Task directions: Find the string "below" in the material. Copy every line that has it.

Supplied records:
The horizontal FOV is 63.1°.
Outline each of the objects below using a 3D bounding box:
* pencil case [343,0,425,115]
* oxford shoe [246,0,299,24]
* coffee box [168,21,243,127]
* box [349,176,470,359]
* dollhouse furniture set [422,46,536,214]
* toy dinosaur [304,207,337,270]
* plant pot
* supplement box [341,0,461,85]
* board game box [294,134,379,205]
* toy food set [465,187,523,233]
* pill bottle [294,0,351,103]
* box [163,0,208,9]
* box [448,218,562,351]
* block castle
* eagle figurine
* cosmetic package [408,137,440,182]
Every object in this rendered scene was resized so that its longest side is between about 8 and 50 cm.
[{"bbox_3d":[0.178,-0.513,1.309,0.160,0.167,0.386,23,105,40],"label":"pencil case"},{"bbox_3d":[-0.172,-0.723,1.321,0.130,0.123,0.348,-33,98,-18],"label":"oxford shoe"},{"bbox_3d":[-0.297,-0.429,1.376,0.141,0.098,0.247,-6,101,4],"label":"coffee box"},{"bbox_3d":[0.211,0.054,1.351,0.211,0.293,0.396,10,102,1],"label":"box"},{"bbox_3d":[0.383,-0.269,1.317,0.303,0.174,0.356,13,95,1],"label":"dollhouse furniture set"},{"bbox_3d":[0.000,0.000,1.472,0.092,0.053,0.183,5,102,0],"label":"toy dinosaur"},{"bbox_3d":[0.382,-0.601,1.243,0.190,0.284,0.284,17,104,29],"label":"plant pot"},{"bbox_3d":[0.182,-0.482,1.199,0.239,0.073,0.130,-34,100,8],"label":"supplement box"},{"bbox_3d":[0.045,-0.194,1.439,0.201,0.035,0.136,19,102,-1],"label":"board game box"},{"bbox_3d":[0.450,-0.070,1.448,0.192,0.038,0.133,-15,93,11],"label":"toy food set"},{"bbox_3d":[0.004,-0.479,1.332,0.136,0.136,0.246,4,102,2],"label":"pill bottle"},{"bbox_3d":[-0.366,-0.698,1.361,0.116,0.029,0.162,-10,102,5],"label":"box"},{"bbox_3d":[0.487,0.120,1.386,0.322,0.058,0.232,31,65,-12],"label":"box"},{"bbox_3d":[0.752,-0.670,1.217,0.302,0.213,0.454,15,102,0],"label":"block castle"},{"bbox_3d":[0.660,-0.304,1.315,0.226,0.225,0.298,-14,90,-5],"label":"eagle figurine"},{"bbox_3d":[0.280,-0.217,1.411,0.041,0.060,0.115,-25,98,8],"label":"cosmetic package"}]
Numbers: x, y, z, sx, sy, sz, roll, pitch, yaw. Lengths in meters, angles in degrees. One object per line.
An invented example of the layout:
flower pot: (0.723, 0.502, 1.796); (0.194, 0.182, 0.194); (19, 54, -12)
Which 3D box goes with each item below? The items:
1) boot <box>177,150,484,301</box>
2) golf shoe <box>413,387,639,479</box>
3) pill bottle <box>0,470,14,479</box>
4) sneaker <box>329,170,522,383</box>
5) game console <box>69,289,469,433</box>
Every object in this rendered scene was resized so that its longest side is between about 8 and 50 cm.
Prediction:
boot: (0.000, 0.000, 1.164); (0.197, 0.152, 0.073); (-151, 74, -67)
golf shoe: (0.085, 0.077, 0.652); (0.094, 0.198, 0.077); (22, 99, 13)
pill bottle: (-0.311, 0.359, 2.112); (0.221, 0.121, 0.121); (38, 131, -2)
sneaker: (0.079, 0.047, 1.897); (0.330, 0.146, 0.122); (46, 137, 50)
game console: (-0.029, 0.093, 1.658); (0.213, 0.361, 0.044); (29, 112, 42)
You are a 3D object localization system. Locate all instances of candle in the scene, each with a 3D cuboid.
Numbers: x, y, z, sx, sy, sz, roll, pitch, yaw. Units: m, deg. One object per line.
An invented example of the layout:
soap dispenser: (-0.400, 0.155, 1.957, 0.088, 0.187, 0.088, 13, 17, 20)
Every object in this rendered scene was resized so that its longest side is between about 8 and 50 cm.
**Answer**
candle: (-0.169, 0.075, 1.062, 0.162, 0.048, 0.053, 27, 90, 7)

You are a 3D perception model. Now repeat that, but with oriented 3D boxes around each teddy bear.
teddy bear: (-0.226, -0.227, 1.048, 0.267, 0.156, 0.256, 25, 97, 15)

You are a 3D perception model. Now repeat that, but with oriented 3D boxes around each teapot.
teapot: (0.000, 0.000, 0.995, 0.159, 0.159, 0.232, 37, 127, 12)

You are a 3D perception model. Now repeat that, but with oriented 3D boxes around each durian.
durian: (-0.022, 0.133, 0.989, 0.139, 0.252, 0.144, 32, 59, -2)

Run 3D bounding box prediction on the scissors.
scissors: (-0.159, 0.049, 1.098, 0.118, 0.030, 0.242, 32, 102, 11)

Solution for this task:
Outline each of the objects below using a 3D bounding box:
Which 3D box goes with each item below? The items:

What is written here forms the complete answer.